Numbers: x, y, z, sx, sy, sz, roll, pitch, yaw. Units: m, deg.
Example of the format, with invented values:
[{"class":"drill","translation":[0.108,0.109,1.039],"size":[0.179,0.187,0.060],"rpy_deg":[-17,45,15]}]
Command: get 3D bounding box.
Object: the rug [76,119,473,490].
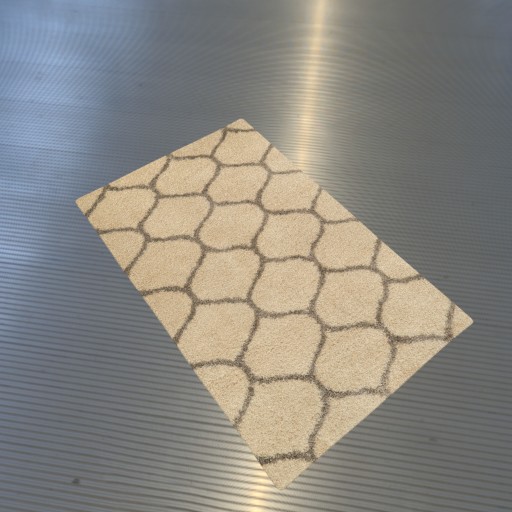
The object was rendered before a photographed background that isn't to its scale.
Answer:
[{"class":"rug","translation":[0.000,0.000,2.927],"size":[1.501,0.024,2.348],"rpy_deg":[-32,62,-20]}]
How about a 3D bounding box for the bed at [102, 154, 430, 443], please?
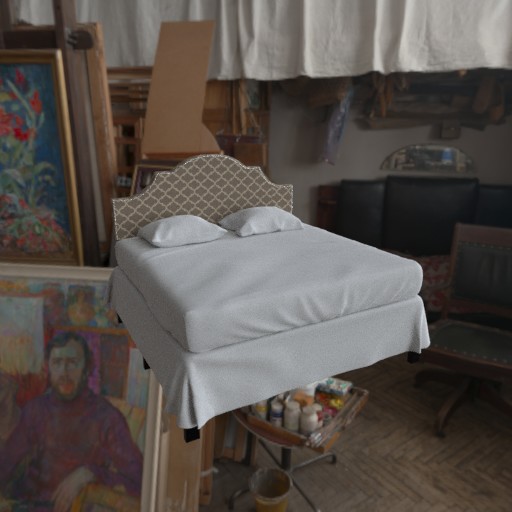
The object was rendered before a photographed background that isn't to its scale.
[{"bbox_3d":[0.000,0.000,3.841,2.314,1.601,2.222,-9,19,-27],"label":"bed"}]
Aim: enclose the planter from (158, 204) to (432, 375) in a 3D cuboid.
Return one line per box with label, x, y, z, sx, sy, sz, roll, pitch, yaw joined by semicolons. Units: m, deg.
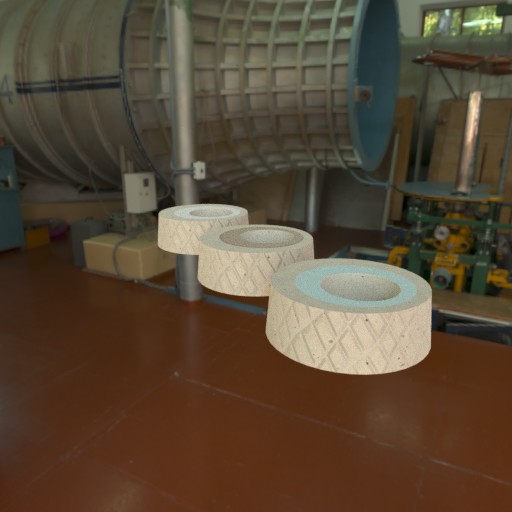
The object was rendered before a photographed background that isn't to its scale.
planter;0.000;0.000;0.427;0.114;0.038;0.390;-9;19;-26
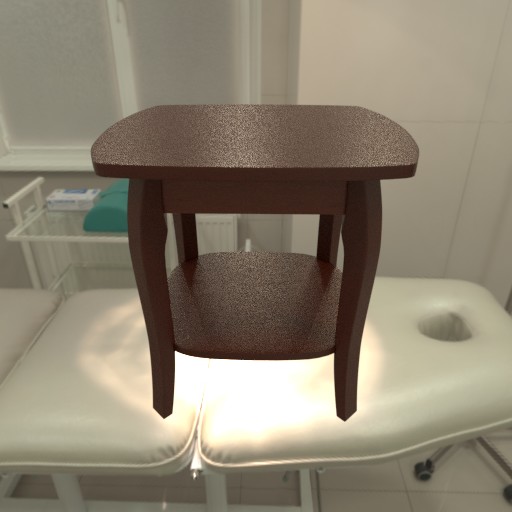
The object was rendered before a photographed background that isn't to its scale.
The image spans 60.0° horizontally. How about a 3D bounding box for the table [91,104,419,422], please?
......
**The problem**. Omit the pictures, then output every record exactly as given.

**Response to the task**.
Numbers: x, y, z, sx, sy, sz, roll, pitch, yaw. Units: m, deg.
Example of the format, with invented values:
[{"class":"drill","translation":[0.108,0.109,1.039],"size":[0.179,0.187,0.060],"rpy_deg":[-17,45,15]}]
Command: get 3D bounding box.
Object: the rug [76,119,473,490].
The object was rendered before a photographed background that isn't to its scale.
Answer:
[{"class":"rug","translation":[0.000,0.000,2.927],"size":[1.501,0.024,2.348],"rpy_deg":[-32,62,-20]}]
How about a 3D bounding box for the bed at [102, 154, 430, 443], please?
The object was rendered before a photographed background that isn't to its scale.
[{"bbox_3d":[0.000,0.000,3.841,2.314,1.601,2.222,-9,19,-27],"label":"bed"}]
Aim: enclose the planter from (158, 204) to (432, 375) in a 3D cuboid.
Return one line per box with label, x, y, z, sx, sy, sz, roll, pitch, yaw joined by semicolons. Units: m, deg.
The object was rendered before a photographed background that isn't to its scale.
planter;0.000;0.000;0.427;0.114;0.038;0.390;-9;19;-26
The object was rendered before a photographed background that isn't to its scale.
The image spans 60.0° horizontally. How about a 3D bounding box for the table [91,104,419,422], please?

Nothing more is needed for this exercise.